WHAT IS BEING ASKED: A word-for-word transcript of every entry is required.

DATA EXCERPTS:
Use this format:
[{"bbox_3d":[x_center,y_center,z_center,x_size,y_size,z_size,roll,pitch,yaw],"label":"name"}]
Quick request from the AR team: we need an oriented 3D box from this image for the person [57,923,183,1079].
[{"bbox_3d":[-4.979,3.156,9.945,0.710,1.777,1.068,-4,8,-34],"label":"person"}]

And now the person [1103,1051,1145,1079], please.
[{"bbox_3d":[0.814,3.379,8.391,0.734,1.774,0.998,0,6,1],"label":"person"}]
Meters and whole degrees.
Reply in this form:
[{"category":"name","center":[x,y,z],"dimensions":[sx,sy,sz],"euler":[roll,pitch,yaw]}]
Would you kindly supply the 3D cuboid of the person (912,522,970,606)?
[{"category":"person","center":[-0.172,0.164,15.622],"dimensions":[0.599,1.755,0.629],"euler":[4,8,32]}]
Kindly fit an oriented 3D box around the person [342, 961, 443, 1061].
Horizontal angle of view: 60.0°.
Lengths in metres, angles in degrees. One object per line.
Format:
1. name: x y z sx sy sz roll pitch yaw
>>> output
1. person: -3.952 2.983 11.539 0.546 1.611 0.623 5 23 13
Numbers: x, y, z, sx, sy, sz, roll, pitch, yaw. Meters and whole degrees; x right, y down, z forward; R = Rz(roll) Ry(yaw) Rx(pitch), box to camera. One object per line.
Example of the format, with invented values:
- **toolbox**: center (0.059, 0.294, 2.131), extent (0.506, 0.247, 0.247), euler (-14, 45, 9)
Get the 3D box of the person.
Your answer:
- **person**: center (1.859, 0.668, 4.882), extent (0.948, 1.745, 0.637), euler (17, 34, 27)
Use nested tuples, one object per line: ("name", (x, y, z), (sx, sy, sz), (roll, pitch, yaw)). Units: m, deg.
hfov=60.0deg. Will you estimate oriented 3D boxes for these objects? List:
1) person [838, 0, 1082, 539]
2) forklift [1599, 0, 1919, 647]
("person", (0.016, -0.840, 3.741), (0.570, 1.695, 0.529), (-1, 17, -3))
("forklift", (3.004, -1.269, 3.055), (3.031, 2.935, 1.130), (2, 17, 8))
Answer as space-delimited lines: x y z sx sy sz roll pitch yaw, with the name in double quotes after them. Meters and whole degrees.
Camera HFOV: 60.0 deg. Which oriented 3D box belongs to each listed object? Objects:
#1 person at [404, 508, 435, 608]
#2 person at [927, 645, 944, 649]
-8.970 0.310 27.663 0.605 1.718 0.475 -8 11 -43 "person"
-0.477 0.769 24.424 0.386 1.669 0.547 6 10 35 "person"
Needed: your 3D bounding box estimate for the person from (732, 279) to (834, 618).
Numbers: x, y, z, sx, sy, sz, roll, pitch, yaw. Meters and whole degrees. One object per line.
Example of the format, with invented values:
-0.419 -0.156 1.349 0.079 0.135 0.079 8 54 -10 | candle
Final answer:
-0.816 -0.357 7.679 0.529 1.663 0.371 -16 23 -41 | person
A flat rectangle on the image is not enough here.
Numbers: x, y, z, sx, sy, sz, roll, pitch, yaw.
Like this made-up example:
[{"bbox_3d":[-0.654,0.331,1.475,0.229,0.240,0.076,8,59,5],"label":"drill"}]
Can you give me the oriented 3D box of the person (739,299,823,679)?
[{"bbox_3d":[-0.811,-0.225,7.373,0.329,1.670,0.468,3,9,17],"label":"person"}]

EXERCISE RESPONSE:
Use this format:
[{"bbox_3d":[x_center,y_center,z_center,x_size,y_size,z_size,roll,pitch,yaw],"label":"name"}]
Quick request from the AR team: we need an oriented 3D box from this image for the person [57,923,183,1079].
[{"bbox_3d":[-4.979,3.156,9.945,0.710,1.777,1.068,-4,8,-34],"label":"person"}]

And now the person [1103,1051,1145,1079], please.
[{"bbox_3d":[0.814,3.379,8.391,0.734,1.774,0.998,0,6,1],"label":"person"}]
Meters and whole degrees.
Reply in this form:
[{"category":"name","center":[x,y,z],"dimensions":[sx,sy,sz],"euler":[roll,pitch,yaw]}]
Would you kindly supply the 3D cuboid of the person (912,522,970,606)?
[{"category":"person","center":[-0.172,0.164,15.622],"dimensions":[0.599,1.755,0.629],"euler":[4,8,32]}]
Kindly fit an oriented 3D box around the person [342, 961, 443, 1061].
Horizontal angle of view: 60.0°.
Lengths in metres, angles in degrees. One object per line.
Format:
1. name: x y z sx sy sz roll pitch yaw
>>> output
1. person: -3.952 2.983 11.539 0.546 1.611 0.623 5 23 13
Numbers: x, y, z, sx, sy, sz, roll, pitch, yaw. Meters and whole degrees; x right, y down, z forward; R = Rz(roll) Ry(yaw) Rx(pitch), box to camera. One object per line.
Example of the format, with invented values:
- **toolbox**: center (0.059, 0.294, 2.131), extent (0.506, 0.247, 0.247), euler (-14, 45, 9)
Get the 3D box of the person.
Your answer:
- **person**: center (1.859, 0.668, 4.882), extent (0.948, 1.745, 0.637), euler (17, 34, 27)
Use nested tuples, one object per line: ("name", (x, y, z), (sx, sy, sz), (roll, pitch, yaw)). Units: m, deg.
hfov=60.0deg. Will you estimate oriented 3D boxes for these objects? List:
1) person [838, 0, 1082, 539]
2) forklift [1599, 0, 1919, 647]
("person", (0.016, -0.840, 3.741), (0.570, 1.695, 0.529), (-1, 17, -3))
("forklift", (3.004, -1.269, 3.055), (3.031, 2.935, 1.130), (2, 17, 8))
Answer as space-delimited lines: x y z sx sy sz roll pitch yaw, with the name in double quotes after them. Meters and whole degrees.
Camera HFOV: 60.0 deg. Which oriented 3D box belongs to each listed object? Objects:
#1 person at [404, 508, 435, 608]
#2 person at [927, 645, 944, 649]
-8.970 0.310 27.663 0.605 1.718 0.475 -8 11 -43 "person"
-0.477 0.769 24.424 0.386 1.669 0.547 6 10 35 "person"
Needed: your 3D bounding box estimate for the person from (732, 279) to (834, 618).
Numbers: x, y, z, sx, sy, sz, roll, pitch, yaw. Meters and whole degrees. One object per line.
Example of the format, with invented values:
-0.419 -0.156 1.349 0.079 0.135 0.079 8 54 -10 | candle
Final answer:
-0.816 -0.357 7.679 0.529 1.663 0.371 -16 23 -41 | person
A flat rectangle on the image is not enough here.
Numbers: x, y, z, sx, sy, sz, roll, pitch, yaw.
Like this made-up example:
[{"bbox_3d":[-0.654,0.331,1.475,0.229,0.240,0.076,8,59,5],"label":"drill"}]
Can you give me the oriented 3D box of the person (739,299,823,679)?
[{"bbox_3d":[-0.811,-0.225,7.373,0.329,1.670,0.468,3,9,17],"label":"person"}]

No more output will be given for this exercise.